Scientists believe they have discovered why the immune systems of older people weaken with age, leaving them susceptible to opportunistic pathogens that are often fatal. The results could illuminate a path that could allow researchers to “rejuvenate” a person’s immune system – vital in the ongoing battle against COVID-19 and flu-like illnesses.
“Through this study, we gained a new understanding of why older adults are more susceptible to infectious diseases, which will allow us to identify potential new treatments,” said senior author Michael Demetriou, professor of neurology at the UCI School of Medicine. in a statement.
“We have identified a potential fountain of youth for the immune system.” added Haik Mkhikian, first author of the article.
The results were published in the journal Nature Aging.
T cells are one of the most important immune cells in the body, coordinating the immune response by directly killing foreign pathogens or signaling other immune cells to kill them. As we age, our T cells become increasingly impaired, weakening the immune system and leaving our bodies vulnerable to illnesses that usually only cause mild illness.
This is one of the biggest reasons why COVID-19 and the flu have such high death rates in populations over 65 and is a key area of focus for scientists trying to extend lifespan in humans.
One mechanism by which T cells are harmed is called N-glycan branching. Without going into the extreme details of this, the complex carbohydrates (called glycans) that are attached to proteins play a key role in how they function, and the remodeling of these carbohydrates can have a dramatic result.

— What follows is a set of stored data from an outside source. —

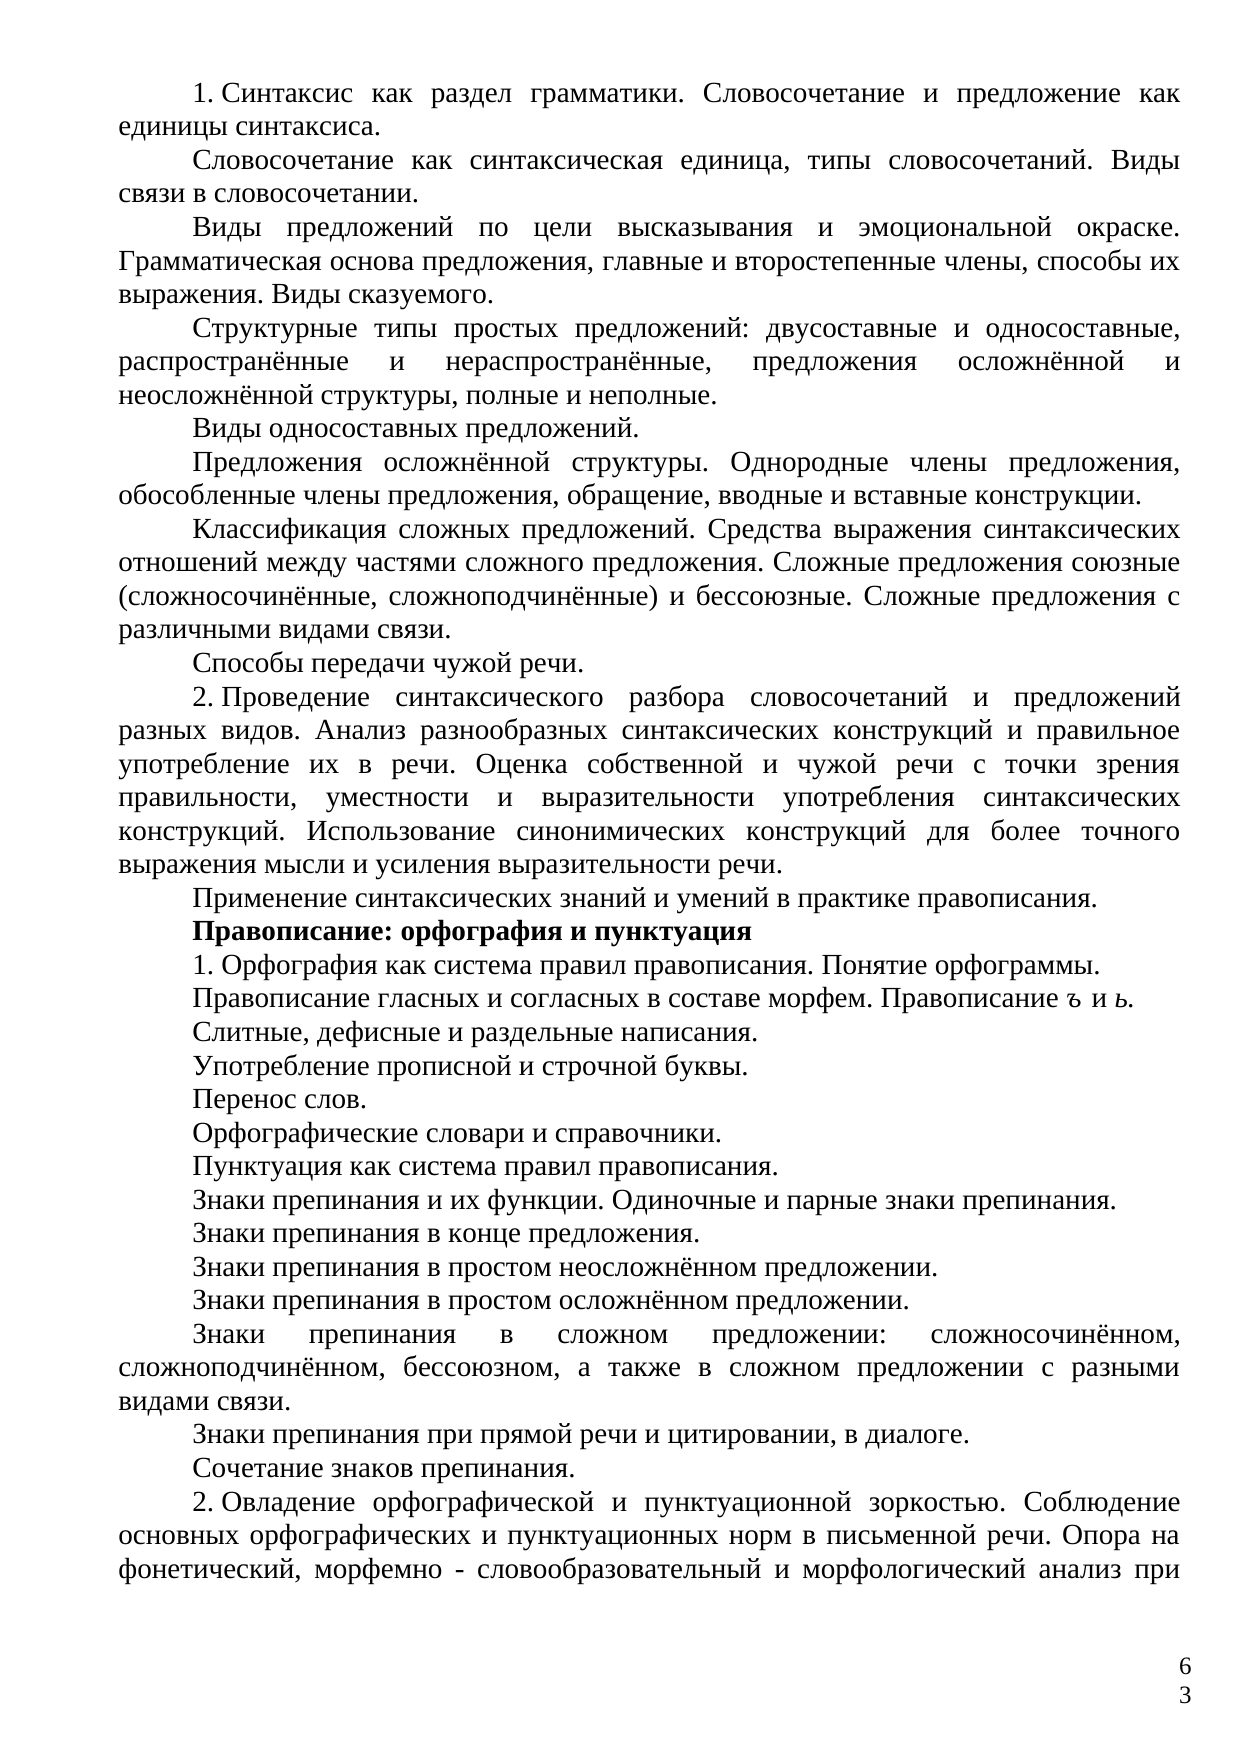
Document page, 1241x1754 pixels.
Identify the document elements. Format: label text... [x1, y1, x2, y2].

text Знаки препинания в конце предложения. [118, 1215, 1181, 1249]
text Виды предложений по цели высказывания и эмоциональной окраске. Грамматическая основа предложения, главные и второстепенные члены, способы их выражения. Виды сказуемого. [118, 209, 1181, 310]
text Структурные типы простых предложений: двусоставные и односоставные, распространённые и нераспространённые, предложения осложнённой и неосложнённой структуры, полные и неполные. [118, 310, 1181, 410]
text Знаки препинания в простом осложнённом предложении. [118, 1282, 1181, 1316]
text Классификация сложных предложений. Средства выражения синтаксических отношений между частями сложного предложения. Сложные предложения союзные (сложносочинённые, сложноподчинённые) и бессоюзные. Сложные предложения с различными видами связи. [118, 511, 1181, 645]
text Предложения осложнённой структуры. Однородные члены предложения, обособленные члены предложения, обращение, вводные и вставные конструкции. [118, 444, 1181, 511]
text Правописание: орфография и пунктуация [118, 913, 1181, 947]
text Перенос слов. [118, 1081, 1181, 1115]
text 1. Синтаксис как раздел грамматики. Словосочетание и предложение как единицы синтаксиса. [118, 75, 1181, 142]
text Применение синтаксических знаний и умений в практике правописания. [118, 880, 1181, 913]
text Орфографические словари и справочники. [118, 1115, 1181, 1148]
text Знаки препинания при прямой речи и цитировании, в диалоге. [118, 1417, 1181, 1450]
text Пунктуация как система правил правописания. [118, 1148, 1181, 1182]
text Виды односоставных предложений. [118, 410, 1181, 444]
text Знаки препинания и их функции. Одиночные и парные знаки препинания. [118, 1182, 1181, 1215]
text 2. Овладение орфографической и пунктуационной зоркостью. Соблюдение основных орфографических и пунктуационных норм в письменной речи. Опора на фонетический, морфемно - словообразовательный и морфологический анализ при [118, 1484, 1181, 1584]
text 2. Проведение синтаксического разбора словосочетаний и предложений разных видов. Анализ разнообразных синтаксических конструкций и правильное употребление их в речи. Оценка собственной и чужой речи с точки зрения правильности, уместности и выразительности употребления синтаксических конструкций. Использование синонимических конструкций для более точного выражения мысли и усиления выразительности речи. [118, 679, 1181, 880]
text Сочетание знаков препинания. [118, 1450, 1181, 1484]
text Способы передачи чужой речи. [118, 645, 1181, 679]
text Правописание гласных и согласных в составе морфем. Правописание ъ и ь. [118, 981, 1181, 1014]
text Знаки препинания в простом неосложнённом предложении. [118, 1249, 1181, 1282]
text Знаки препинания в сложном предложении: сложносочинённом, сложноподчинённом, бессоюзном, а также в сложном предложении с разными видами связи. [118, 1316, 1181, 1417]
text Словосочетание как синтаксическая единица, типы словосочетаний. Виды связи в словосочетании. [118, 142, 1181, 209]
text Употребление прописной и строчной буквы. [118, 1048, 1181, 1081]
text 1. Орфография как система правил правописания. Понятие орфограммы. [118, 947, 1181, 981]
text Слитные, дефисные и раздельные написания. [118, 1014, 1181, 1048]
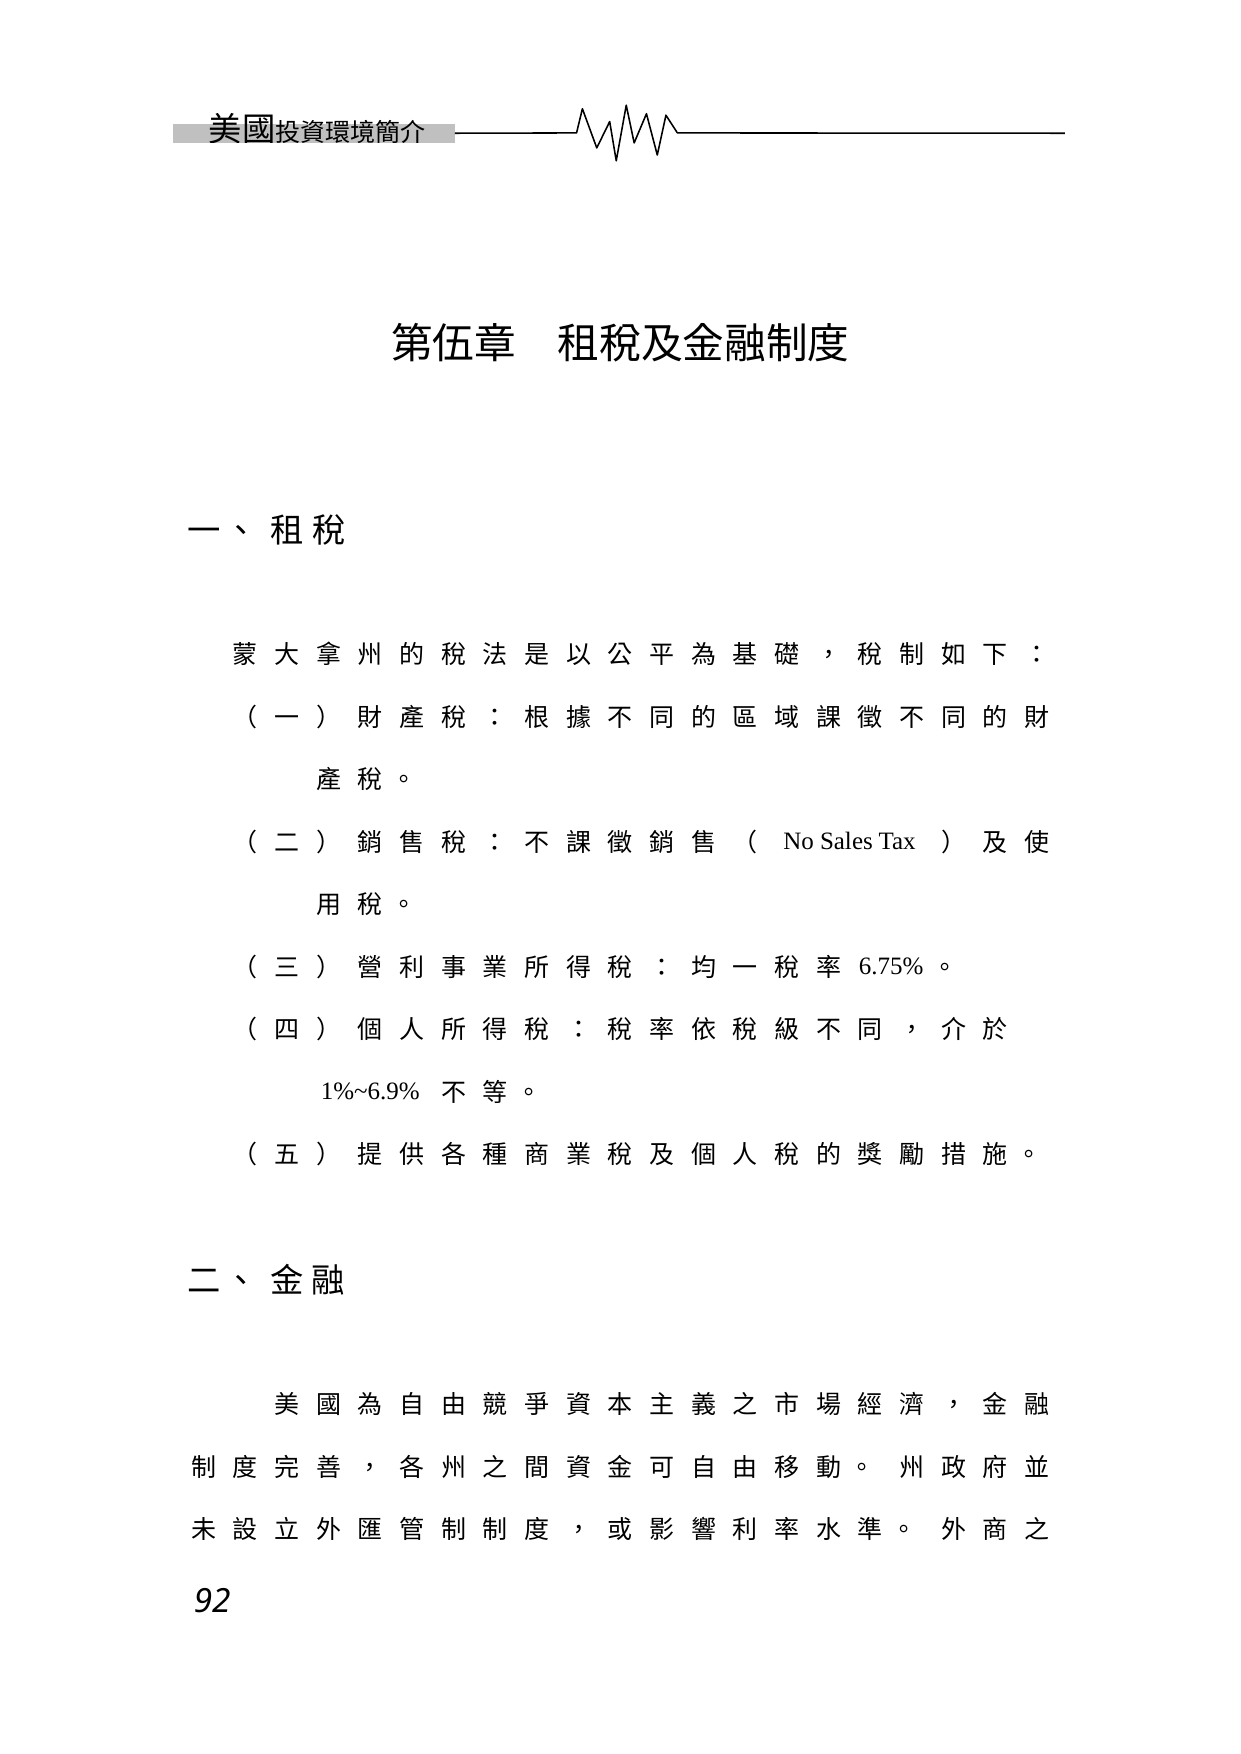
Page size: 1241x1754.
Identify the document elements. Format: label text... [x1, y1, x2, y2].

text 蒙大拿州的稅法是以公平為基礎，稅制如下： [207, 611, 1058, 674]
text （二）銷售稅：不課徵銷售（No Sales Tax）及使用稅。 [207, 799, 1058, 924]
text （一）財產稅：根據不同的區域課徵不同的財產稅。 [207, 674, 1058, 799]
text （三）營利事業所得稅：均一稅率6.75%。 [207, 924, 1058, 986]
text 第伍章 租稅及金融制度 [183, 299, 1058, 361]
text （四）個人所得稅：稅率依稅級不同，介於1%~6.9%不等。 [207, 986, 1058, 1111]
text 一、租稅 [183, 486, 1058, 549]
text 二、金融 [183, 1236, 1058, 1299]
text （五）提供各種商業稅及個人稅的獎勵措施。 [207, 1111, 1058, 1174]
text 美國為自由競爭資本主義之市場經濟，金融制度完善，各州之間資金可自由移動。州政府並未設立外匯管制制度，或影響利率水準。外商之 [183, 1361, 1058, 1549]

The new results, discovered by analyzing human T cells and aged mice, identified that as cells age, these “remodeled” glycans are added in greater numbers to critical immune cells, resulting in impaired function that may explain why older immune systems struggle. These increases in branched glycans appear to be due to an increase in the N-acetylglucosamine metabolite plus the activity of a cytokine called Interleukin 7. The effect was particularly pronounced in women compared to men.
When old human cells were treated with proteins that inhibit branching, they found that T cells increased activation and proliferation, suggesting that N-glycan branching is likely to blame for T cell inhibition, but that it may also be reversible. .
“Our research reveals that reversing the elevation in branched glycans rejuvenates mouse and human T cell function and reduces the severity of Salmonella infection in old female mice,” said Demetriou.
“This suggests several potential new therapeutic targets for revitalizing old T cells, such as altering branched glycans or the age-triggered elevation in serum N-acetylglucosamine and IL-7 signaling.” added Mkhikian.
The research may allow for targeted sex-specific therapies that can bolster the immune system of older adults in the face of pathogens, although it remains to be seen whether such a treatment would be viable outside of laboratory conditions.